Falling Spring evolution continues

July 26, 2000

Falling Spring evolution continues

By DON AINES / Staff Writer, Chambersburg

CHAMBERSBURG, Pa. - A new and significantly scaled down version of the Village on the Falling Spring was unveiled Wednesday for the Chambersburg Borough Council.

"This started out as a private commercial development with public amenities," Borough Manager Eric Oyer said of the village, which at one time included plans for two office buildings and had a price tag of more than $10 million in private and public funds.

The new plan is only for public improvements along the confluence of the Falling Spring and Conococheague Creek, and changes to Montgomery Alley. The cost would be approximately $2 million in federal funds for construction with $500,000 from the borough for design and engineering costs, Oyer said.

The borough and Chambersburg Area Development Corp. had agreed last year to an exchange of downtown properties, with the borough giving the corporation two lots along the waterway to develop as office sites.


A borough couple filed suit against the exchange, however, and in January the Pennsylvania Commonwealth Court declared the land swap invalid.

The development corporation would have built on and leased one of the sites, but talks with a potential tenant fell through after the court decision. A smaller site near King Street would have become offices for Noelker and Hull Associates, a Chambersburg architectural firm.

The development corporation site has been removed from the plan. The site where Noelker and Hull was to have built would, under the new plan, be sold to the highest bidder, according to Oyer.

Local historians and veterans groups opposed the original plan, preferring that the site, known as Chambers Fort Park, be made into a memorial to the borough's founders and veterans.

Oyer said the new plan addresses those concerns by preserving what is believed to be the spot where Benjamin Chambers built his fort in 1734.

The council has explored the idea of statues honoring the Chambers family, going as far as having a model made by a sculptor. Assistant Borough Manager David Finch said the statues and pedestal would cost about $120,000, for which the borough is seeking a state grant.

Dr.

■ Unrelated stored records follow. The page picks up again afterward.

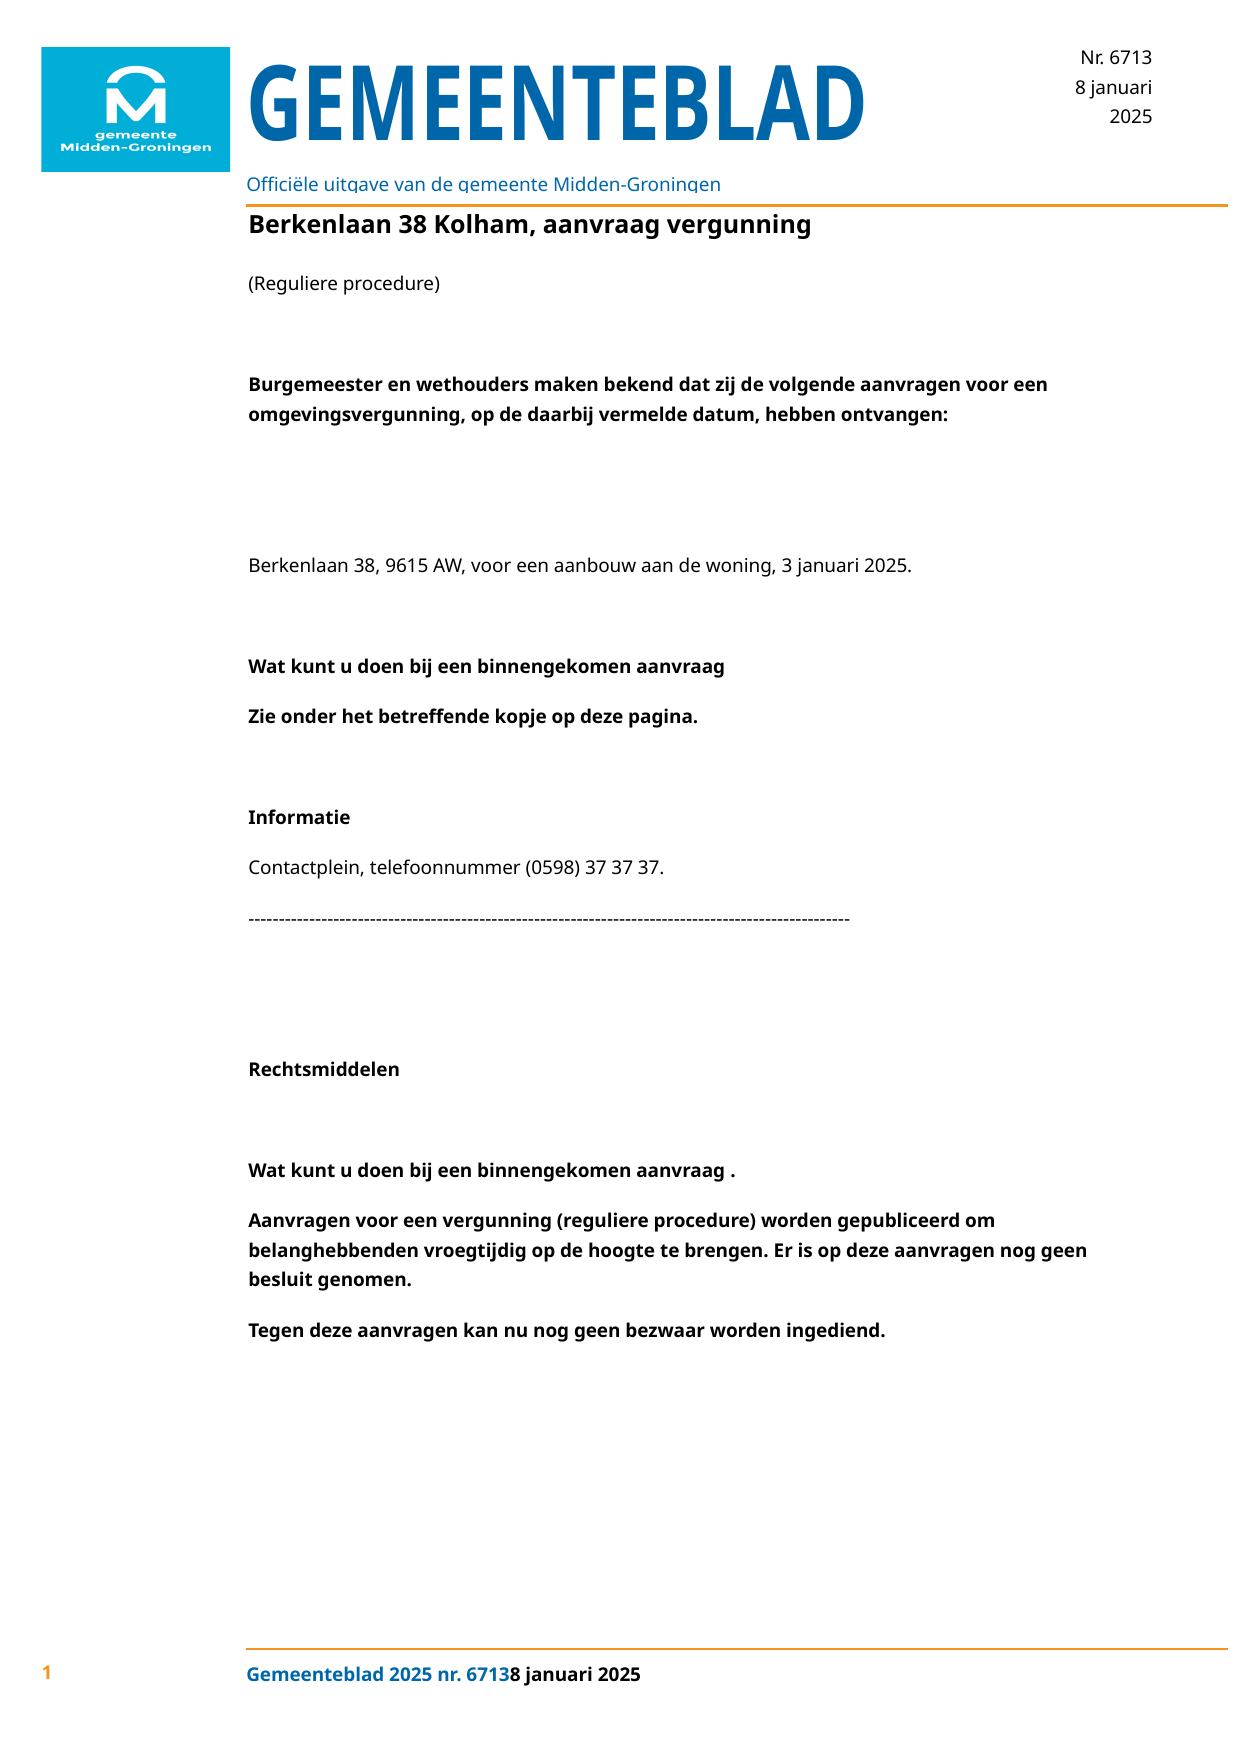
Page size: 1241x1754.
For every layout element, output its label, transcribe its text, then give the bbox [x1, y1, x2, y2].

text Berkenlaan 38, 9615 AW, voor een aanbouw aan de woning, 3 januari 2025. [248, 552, 1152, 578]
text Berkenlaan 38 Kolham, aanvraag vergunning [248, 207, 1152, 241]
picture [108, 66, 164, 82]
text (Reguliere procedure) [248, 270, 1152, 296]
text Rechtsmiddelen [248, 1056, 1152, 1082]
text Aanvragen voor een vergunning (reguliere procedure) worden gepubliceerd om belanghebbenden vroegtijdig op de hoogte te brengen. Er is op deze aanvragen nog geen besluit genomen. [248, 1207, 1152, 1292]
picture [184, 146, 190, 153]
picture [107, 89, 165, 122]
text Informatie [248, 804, 1152, 830]
text Burgemeester en wethouders maken bekend dat zij de volgende aanvragen voor een omgevingsvergunning, op de daarbij vermelde datum, hebben ontvangen: [248, 371, 1152, 426]
text Contactplein, telefoonnummer (0598) 37 37 37. [248, 854, 1152, 880]
text Zie onder het betreffende kopje op deze pagina. [248, 703, 1152, 729]
text Wat kunt u doen bij een binnengekomen aanvraag . [248, 1157, 1152, 1183]
text Wat kunt u doen bij een binnengekomen aanvraag [248, 653, 1152, 678]
text --------------------------------------------------------------------------------------------------- [248, 905, 1152, 931]
text Tegen deze aanvragen kan nu nog geen bezwaar worden ingediend. [248, 1317, 1152, 1343]

Harry Haddon, an opponent of the original plan, said veterans probably would be willing to help raise funds for the memorial.

"We'll see if the veterans and the historical people want to put their money where their mouth is," Council President Bernard Washabaugh said.

"I'm troubled by the lack of revitalization opportunity" in the new plan, said Councilman Carl Helman. The council voted unanimously to approve the concept, prepare the one lot for sale and begin talks with owners on properties involved in the Montgomery Alley Improvements.

Oyer said construction on the park improvements is at least a year away.